It was hard for me NOT to post about this before Christmas, but had I posted, I would have ruined the surprise for the folks I gifted with these cute little herb jars. I was so excited to share these handmade gifts that I could hardly contain myself. I am sorry that this blog post is being published AFTER Christmas, but actually, it may be just as well — you really need start this in the Spring so now is the time to be thinking about it! These little jars are not only attractive and relatively inexpensive, but they are easy to make and much appreciated by anyone who enjoys cooking.
Part of what makes this gift of herbs unique is that you grow them yourself fresh & organically. There are no chemicals, preservatives, anti-clumping agents or any of that nasty stuff you find in store bought, and they are the freshest, most aromatic herbs you can imagine. The difference between fresh & store bought is almost indescribable (there is photo below that illustrates this … MY rosemary right next to McCormick’s rosemary … see for yourself). If you grow your own herbs then you know what I am talking about … why not share that with your loved ones! Here are the steps to making Fresh Herb Jars as a Handmade Gift!
Select at least six commonly used herbs and plan a spot in your garden in which to grow them. If your recipient is interested in hot & spicy, be sure to include a variety of hot peppers. While I grew more varieties than this, I selected these herbs to use as gifts:
- Italian Parley
- Sweet Basil
- Jo’s special hot pepper blend (described below)
You may want to consider the individual cooking styles of the cooks you plan to gift and grow some cilantro, marjoram, mustard seed, or what ever they will most appreciate.
As the growing season progresses, prune your plants and harvest them. Wash them properly and then dry them. You can hang them (covered with bags), bake in very low oven (not more than 170 degrees F) or use a dehydrator. Here is a post on how to wash and dry dill, but this technique can be used for any herb. I have and LOVE my Excalibur Dehydrator and I personally recommend this product. It does a great job and has been very dependable. However, if I had it to do over again, I would spend a little extra and get one with the built in timer. You can find that model here.
If you are like me, your garden is fairly small and harvests come in in relatively small amounts. That is fine because over the course of the season, you will harvest every few weeks, wash & dry, and eventually you will have enough for your gifts as well as for your own kitchen. In the meantime, once you have dried a small batch of herbs, put them in a mason jars and vac seal them (if you have a vac sealer). I use a FoodSaver Professional like this one.
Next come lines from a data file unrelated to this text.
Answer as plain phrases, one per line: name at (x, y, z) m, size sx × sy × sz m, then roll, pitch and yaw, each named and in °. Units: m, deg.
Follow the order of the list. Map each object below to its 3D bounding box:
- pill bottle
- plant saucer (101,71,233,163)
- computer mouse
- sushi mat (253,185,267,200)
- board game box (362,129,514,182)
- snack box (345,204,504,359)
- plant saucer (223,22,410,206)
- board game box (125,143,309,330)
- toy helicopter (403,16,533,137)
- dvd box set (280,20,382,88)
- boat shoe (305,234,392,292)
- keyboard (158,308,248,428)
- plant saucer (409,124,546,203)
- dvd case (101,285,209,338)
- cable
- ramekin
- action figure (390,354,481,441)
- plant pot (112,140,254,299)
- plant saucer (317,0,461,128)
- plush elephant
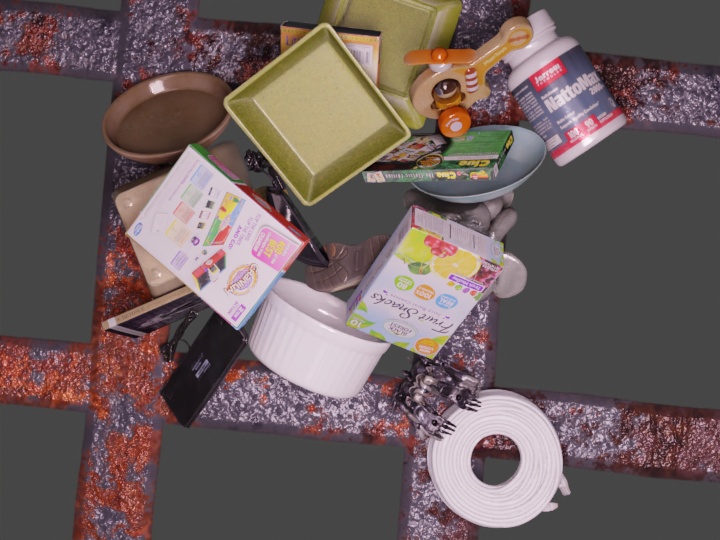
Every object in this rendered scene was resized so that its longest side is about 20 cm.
pill bottle at (0.280, -0.264, 1.612) m, size 0.119 × 0.120 × 0.201 m, roll -33°, pitch 89°, yaw 3°
plant saucer at (-0.276, -0.219, 1.629) m, size 0.197 × 0.202 × 0.030 m, roll -9°, pitch 135°, yaw 3°
computer mouse at (-0.114, -0.085, 1.626) m, size 0.046 × 0.140 × 0.201 m, roll -33°, pitch 98°, yaw 5°
sushi mat at (-0.143, -0.069, 1.598) m, size 0.012 × 0.200 × 0.096 m, roll -32°, pitch 91°, yaw 16°
board game box at (0.110, -0.162, 1.599) m, size 0.197 × 0.105 × 0.024 m, roll 2°, pitch 125°, yaw 27°
snack box at (0.085, 0.020, 1.516) m, size 0.141 × 0.053 × 0.201 m, roll 23°, pitch 130°, yaw -15°
plant saucer at (-0.059, -0.223, 1.593) m, size 0.199 × 0.048 × 0.200 m, roll -32°, pitch 109°, yaw 23°
board game box at (-0.189, -0.045, 1.487) m, size 0.200 × 0.040 × 0.153 m, roll 41°, pitch 103°, yaw 2°
toy helicopter at (0.150, -0.287, 1.562) m, size 0.199 × 0.132 × 0.080 m, roll -36°, pitch 46°, yaw 22°
dvd box set at (-0.045, -0.251, 1.622) m, size 0.144 × 0.029 × 0.202 m, roll 7°, pitch 119°, yaw 9°
boat shoe at (0.000, 0.000, 1.622) m, size 0.073 × 0.199 × 0.076 m, roll 21°, pitch 71°, yaw -41°
keyboard at (-0.239, 0.125, 1.653) m, size 0.127 × 0.020 × 0.201 m, roll 52°, pitch 120°, yaw 25°
plant saucer at (0.168, -0.142, 1.601) m, size 0.198 × 0.202 × 0.039 m, roll -14°, pitch 121°, yaw 3°
dvd case at (-0.261, 0.049, 1.629) m, size 0.198 × 0.149 × 0.016 m, roll -24°, pitch 81°, yaw 3°
cable at (0.197, 0.278, 1.651) m, size 0.197 × 0.069 × 0.203 m, roll -16°, pitch 90°, yaw 3°
ramekin at (-0.064, 0.098, 1.601) m, size 0.199 × 0.200 × 0.099 m, roll 26°, pitch 99°, yaw 2°
action figure at (0.106, 0.182, 1.600) m, size 0.102 × 0.200 × 0.119 m, roll 39°, pitch 91°, yaw -14°
plant pot at (-0.249, -0.065, 1.613) m, size 0.198 × 0.177 × 0.202 m, roll -22°, pitch 90°, yaw 4°
plant saucer at (0.028, -0.335, 1.650) m, size 0.197 × 0.048 × 0.203 m, roll 19°, pitch 92°, yaw 2°
plush elephant at (0.151, -0.023, 1.609) m, size 0.162 × 0.200 × 0.157 m, roll -6°, pitch 112°, yaw 2°

But whatever you order make sure it comes with an attachment port and that you also order a set of jar attachments (one wide mouth and one regular). I prefer this storage method for several reasons.
- An airtight seal is the only sure fire way to keep the herbs truly FRESH for months at a time.
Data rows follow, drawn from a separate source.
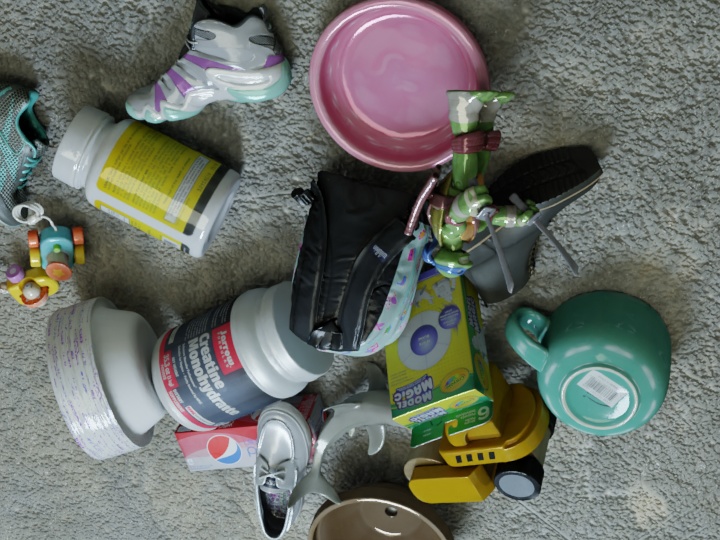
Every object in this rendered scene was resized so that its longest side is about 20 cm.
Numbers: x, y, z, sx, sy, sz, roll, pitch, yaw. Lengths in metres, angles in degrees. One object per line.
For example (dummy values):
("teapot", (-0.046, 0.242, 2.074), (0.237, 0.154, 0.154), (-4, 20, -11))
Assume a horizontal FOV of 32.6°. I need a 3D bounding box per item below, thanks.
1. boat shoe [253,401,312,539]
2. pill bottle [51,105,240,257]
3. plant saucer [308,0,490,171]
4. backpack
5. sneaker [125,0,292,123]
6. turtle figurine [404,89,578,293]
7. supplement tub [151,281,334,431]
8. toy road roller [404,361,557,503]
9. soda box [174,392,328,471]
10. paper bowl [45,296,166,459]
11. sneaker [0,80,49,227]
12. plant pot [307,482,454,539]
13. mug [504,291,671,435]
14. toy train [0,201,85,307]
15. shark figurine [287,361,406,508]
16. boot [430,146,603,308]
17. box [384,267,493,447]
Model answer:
("boat shoe", (-0.108, 0.261, 1.581), (0.072, 0.069, 0.201), (13, 124, 7))
("pill bottle", (-0.253, -0.108, 1.451), (0.200, 0.114, 0.114), (27, 124, -1))
("plant saucer", (0.045, -0.208, 1.343), (0.200, 0.051, 0.201), (8, 122, 12))
("backpack", (0.000, 0.000, 1.405), (0.166, 0.126, 0.201), (16, 94, 31))
("sneaker", (-0.185, -0.250, 1.375), (0.199, 0.078, 0.140), (-12, 115, 11))
("turtle figurine", (0.145, -0.085, 1.253), (0.200, 0.144, 0.195), (12, 103, 56))
("supplement tub", (-0.148, 0.107, 1.532), (0.200, 0.140, 0.141), (-25, 110, 27))
("toy road roller", (0.133, 0.189, 1.485), (0.199, 0.123, 0.146), (-11, 128, 32))
("soda box", (-0.142, 0.218, 1.644), (0.199, 0.063, 0.070), (-8, 117, 21))
("paper bowl", (-0.311, 0.131, 1.560), (0.104, 0.201, 0.201), (-16, 116, 6))
("sneaker", (-0.423, -0.142, 1.505), (0.091, 0.078, 0.201), (4, 122, 9))
("plant pot", (0.035, 0.352, 1.653), (0.200, 0.093, 0.201), (7, 124, 10))
("mug", (0.267, 0.118, 1.435), (0.184, 0.115, 0.152), (-7, 118, 19))
("toy train", (-0.440, 0.001, 1.566), (0.200, 0.056, 0.150), (-36, 139, 28))
("shark figurine", (-0.026, 0.197, 1.543), (0.214, 0.089, 0.128), (-42, 60, 24))
("boot", (0.195, -0.047, 1.398), (0.200, 0.078, 0.138), (-25, 133, 14))
("box", (0.087, 0.097, 1.430), (0.117, 0.201, 0.048), (-24, 146, 26))
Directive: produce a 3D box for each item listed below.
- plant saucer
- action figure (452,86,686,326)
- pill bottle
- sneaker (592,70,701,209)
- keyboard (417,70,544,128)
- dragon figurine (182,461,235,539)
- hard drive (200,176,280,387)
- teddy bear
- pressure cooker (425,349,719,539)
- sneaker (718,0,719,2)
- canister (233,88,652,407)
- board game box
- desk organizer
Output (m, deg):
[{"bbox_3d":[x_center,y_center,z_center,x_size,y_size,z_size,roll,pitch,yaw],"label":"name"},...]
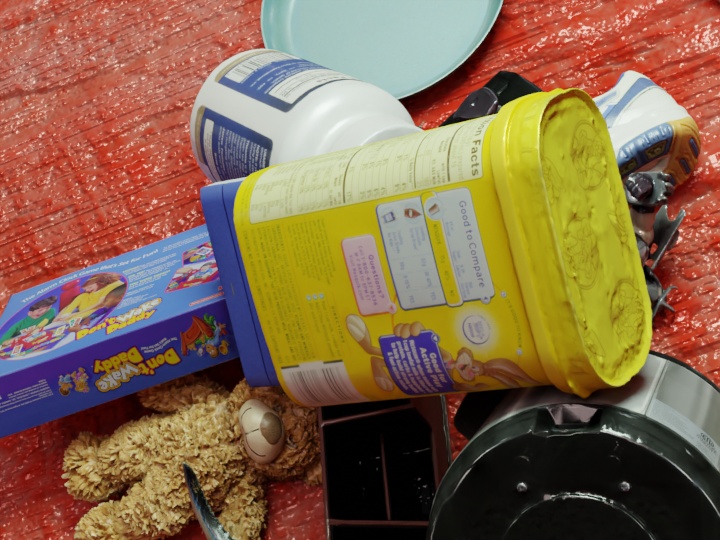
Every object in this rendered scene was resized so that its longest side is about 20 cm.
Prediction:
[{"bbox_3d":[0.019,-0.208,1.095,0.198,0.027,0.202,-8,62,16],"label":"plant saucer"},{"bbox_3d":[0.129,-0.024,0.889,0.131,0.199,0.069,-57,23,-6],"label":"action figure"},{"bbox_3d":[-0.028,-0.080,0.962,0.111,0.111,0.200,-49,35,-8],"label":"pill bottle"},{"bbox_3d":[0.129,-0.064,0.968,0.199,0.076,0.088,-25,48,-1],"label":"sneaker"},{"bbox_3d":[0.050,-0.059,0.994,0.200,0.040,0.104,-41,31,5],"label":"keyboard"},{"bbox_3d":[-0.058,0.215,0.879,0.099,0.059,0.202,-9,81,22],"label":"dragon figurine"},{"bbox_3d":[0.000,0.000,0.851,0.199,0.025,0.133,-7,102,34],"label":"hard drive"},{"bbox_3d":[-0.114,0.129,0.957,0.198,0.067,0.146,-7,66,17],"label":"teddy bear"},{"bbox_3d":[0.141,0.136,0.789,0.177,0.200,0.177,-15,97,21],"label":"pressure cooker"},{"bbox_3d":[0.268,-0.247,1.003,0.088,0.075,0.200,-33,57,-12],"label":"sneaker"},{"bbox_3d":[0.039,-0.004,0.757,0.199,0.086,0.150,-9,101,36],"label":"canister"},{"bbox_3d":[-0.164,0.035,0.994,0.198,0.045,0.135,-19,26,11],"label":"board game box"},{"bbox_3d":[0.018,0.134,0.900,0.071,0.077,0.202,-13,62,14],"label":"desk organizer"}]

- Vac sealing in jars prevents crushing. Crushing releases flavors & aromas and you should not crush your herbs any more than necessary until just before use.
- Freezing ruins herbs. They clump, their flavors change (sometimes absorbing other flavors) and they get all wet & wilty when thawed.
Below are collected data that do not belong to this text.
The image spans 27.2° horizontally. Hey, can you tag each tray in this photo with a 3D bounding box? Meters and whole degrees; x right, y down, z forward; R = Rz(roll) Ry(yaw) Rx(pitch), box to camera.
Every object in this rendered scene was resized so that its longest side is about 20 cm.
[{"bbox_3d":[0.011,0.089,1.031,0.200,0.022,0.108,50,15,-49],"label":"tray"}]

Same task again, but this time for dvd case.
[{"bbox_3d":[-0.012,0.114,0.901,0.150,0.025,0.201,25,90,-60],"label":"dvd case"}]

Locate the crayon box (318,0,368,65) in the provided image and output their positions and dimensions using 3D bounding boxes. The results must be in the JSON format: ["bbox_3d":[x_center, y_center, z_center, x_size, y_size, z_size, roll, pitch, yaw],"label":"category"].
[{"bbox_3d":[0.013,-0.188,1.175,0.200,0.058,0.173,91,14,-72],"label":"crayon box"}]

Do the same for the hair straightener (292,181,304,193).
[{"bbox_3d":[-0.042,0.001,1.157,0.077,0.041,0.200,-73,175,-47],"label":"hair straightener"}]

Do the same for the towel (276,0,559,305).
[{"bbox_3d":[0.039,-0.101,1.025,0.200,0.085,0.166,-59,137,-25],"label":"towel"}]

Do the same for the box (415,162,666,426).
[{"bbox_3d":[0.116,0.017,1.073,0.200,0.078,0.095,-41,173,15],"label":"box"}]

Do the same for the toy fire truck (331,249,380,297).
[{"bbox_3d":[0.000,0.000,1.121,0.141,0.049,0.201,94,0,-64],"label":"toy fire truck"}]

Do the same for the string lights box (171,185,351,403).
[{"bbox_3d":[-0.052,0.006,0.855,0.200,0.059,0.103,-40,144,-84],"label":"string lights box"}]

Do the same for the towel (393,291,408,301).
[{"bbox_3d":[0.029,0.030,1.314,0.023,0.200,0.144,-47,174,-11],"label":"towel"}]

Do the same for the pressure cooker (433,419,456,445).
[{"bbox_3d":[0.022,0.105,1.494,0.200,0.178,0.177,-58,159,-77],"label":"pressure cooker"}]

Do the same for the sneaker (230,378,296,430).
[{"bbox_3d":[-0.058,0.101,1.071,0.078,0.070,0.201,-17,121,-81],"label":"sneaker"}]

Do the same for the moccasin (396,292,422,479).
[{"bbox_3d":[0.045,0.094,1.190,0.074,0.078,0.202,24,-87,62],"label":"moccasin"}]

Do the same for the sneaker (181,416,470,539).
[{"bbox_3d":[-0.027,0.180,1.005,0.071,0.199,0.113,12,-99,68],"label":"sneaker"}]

Once you have collected enough of any given dried herb to fill a quart size mason jar (resealing each time you open it to add a newly dried harvest) , you will have enough to fill at least four 4.5 ounce spice jars and still have some left over for your own kitchen. I chose these spice jars because they are airtight … well, as airtight as you can get without a vac seal, that is. It keeps new air out, but keeps old air in, but close enough for the purpose. I just noticed that the price on these went up a bit since I bought them. You might be able to find them cheaper at Old Time Pottery or any place that sells housewares.
Then you will need labels. This is where you can get creative. There are lots of ways to approach this (find free printable labels online, buy them at an office supply store) but I ordered a package of these chalkboard looking labels with a white pen. They are a little pricy but there is enough left over to also do some jelly jars. I thought they were really cute and the ink is semi-permanent. You can wash them in warm, soapy water, but it takes an ammonia based cleaner (like glass cleaner) to remove the ink completely. Then you can write on them again. So if you make a mistake, you can fix it.
Then, just line all your mason jars up, figure out how many of which herb you wish to gift to whom and start filling and labeling your jars. Once they are all filled, you are set to wrap your gift & go! I bought 2 sets of 12 jars and had four people to gift so they each got six jars. In two of the four sets, we had cooks who like to kick things up a notch so for them, I held back the rosemary and replaced it with my own special hot pepper blend. I used a spice/nut grinder (which I borrowed from a neighbor and like very much – getting my own soon!) to make a powder from dried peppers we grew including cayenne, tabasco, chenzo, and basket of fire peppers in equal parts. Find my recipes for the Best Pepper Powders on The Planet right here. Eddie (my taste tester) said that on a scale of 0-10 with ten being hottest ever … it was about a seven. So it has a decent kick to it. My cooks who enjoy the hot & spicy will surely enjoy this blend!